Je peux par contre dater très précisément le moment où l’écriture poétique est venue à moi. C’était en avril 2011, c’est-à-dire dans une période charnière de mon parcours professionnel où je faisais le choix de quitter le monde de la recherche scientifique pour me consacrer entièrement à une pratique clinique.
Sans savoir ce que je faisais j’ai commencé à poser des mots sur le blog d’une amie photographe. Chaque jour. Sans chercher à comprendre. Dans un état de douce euphorie et d’étonnement, dont je n’ai compris après-coup qu’il était de ceux qui caractérisent une vraie rencontre.
Dans cette même période je faisais la connaissance d’Angèle Paoli, quelque part sur la côte ouest du Cap Corse. Celle que je considère aujourd’hui comme ma Marraine en poésie m’encourage dans mes premiers pas d’écriture. A son invitation je fais la connaissance de Dominique Sorrente et j’intègre Le Scriptorium, pour un compagnonnage très fécond qui se poursuit jusqu’à aujourd’hui.
Plusieurs années auparavant avait eu lieu ma rencontre avec la psychanalyse et une longue fréquentation, côté divan, puis côté fauteuil.
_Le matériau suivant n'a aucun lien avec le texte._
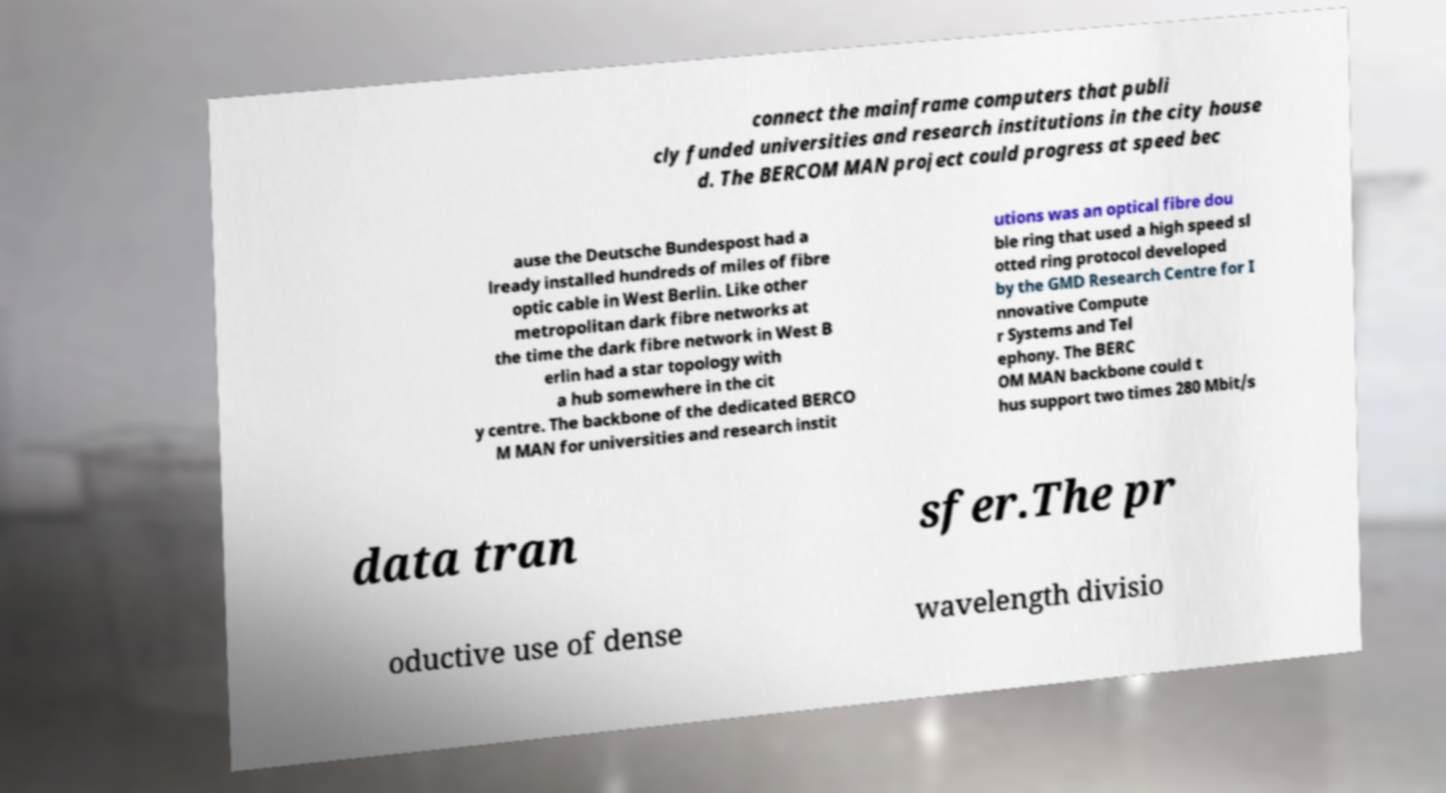Could you assist in decoding the text presented in this image and type it out clearly? connect the mainframe computers that publi cly funded universities and research institutions in the city house d. The BERCOM MAN project could progress at speed bec ause the Deutsche Bundespost had a lready installed hundreds of miles of fibre optic cable in West Berlin. Like other metropolitan dark fibre networks at the time the dark fibre network in West B erlin had a star topology with a hub somewhere in the cit y centre. The backbone of the dedicated BERCO M MAN for universities and research instit utions was an optical fibre dou ble ring that used a high speed sl otted ring protocol developed by the GMD Research Centre for I nnovative Compute r Systems and Tel ephony. The BERC OM MAN backbone could t hus support two times 280 Mbit/s data tran sfer.The pr oductive use of dense wavelength divisio

Qui l’a vécu sait combien c’est une expérience forte que de se laisser surprendre par ce que l’on dit, de faire l’expérience que les mots nous précédent. A cet égard je rejoins ici pleinement Caroline Sagot-Duvauroux qui indique qu’en poésie comme en amour il s’agit d’oublier la connaissance et de retrouver une innocence proche de l’ignorance afin que quelque chose que l’on n’attendait pas puisse éclore.
Ce qui fait la spécificité de cette écoute est la prise en compte du poids des mots, de leur matière sonore et de leur équivocité aux dépens de leurs significations évidentes ; une sensibilité à l’ambiguïté des mots, à leur récurrence, à leurs associations et leurs reprises dans le discours, une attention au travail de métaphorisation, d’allusion, de détournement de la langue.
On voit là qu’on n’est pas bien loin de la poésie.
Je dirais donc que j’écris comme j’écoute, en permanence, dans une attention flottante au monde et à mes semblables qui l’habitent et y parlent, à partir de toute situation vécue qui me touche, me heurte, m’enchante.
À partir de ce qu’il y a de plus singulier en moi aussi, et comme une invitation pour le lecteur à se dévoiler, se révéler ou à reconnaître en lui qui il est.
(pour en savoir plus : https://www.terreaciel.net/Isabelle-Alentour#.WkYsgtLiaUk)
Bibliographie :
Depuis 2014 nombreuses parutions en revues papier :
- Décharge, Thauma, Phoenix, Les Archers, Dissonances, La Piscine, FPM, Ecrits du nord (Editions Henry).
Et numériques :
- Possibles, Terre à Ciel, Ce qui Reste, Recours au poème.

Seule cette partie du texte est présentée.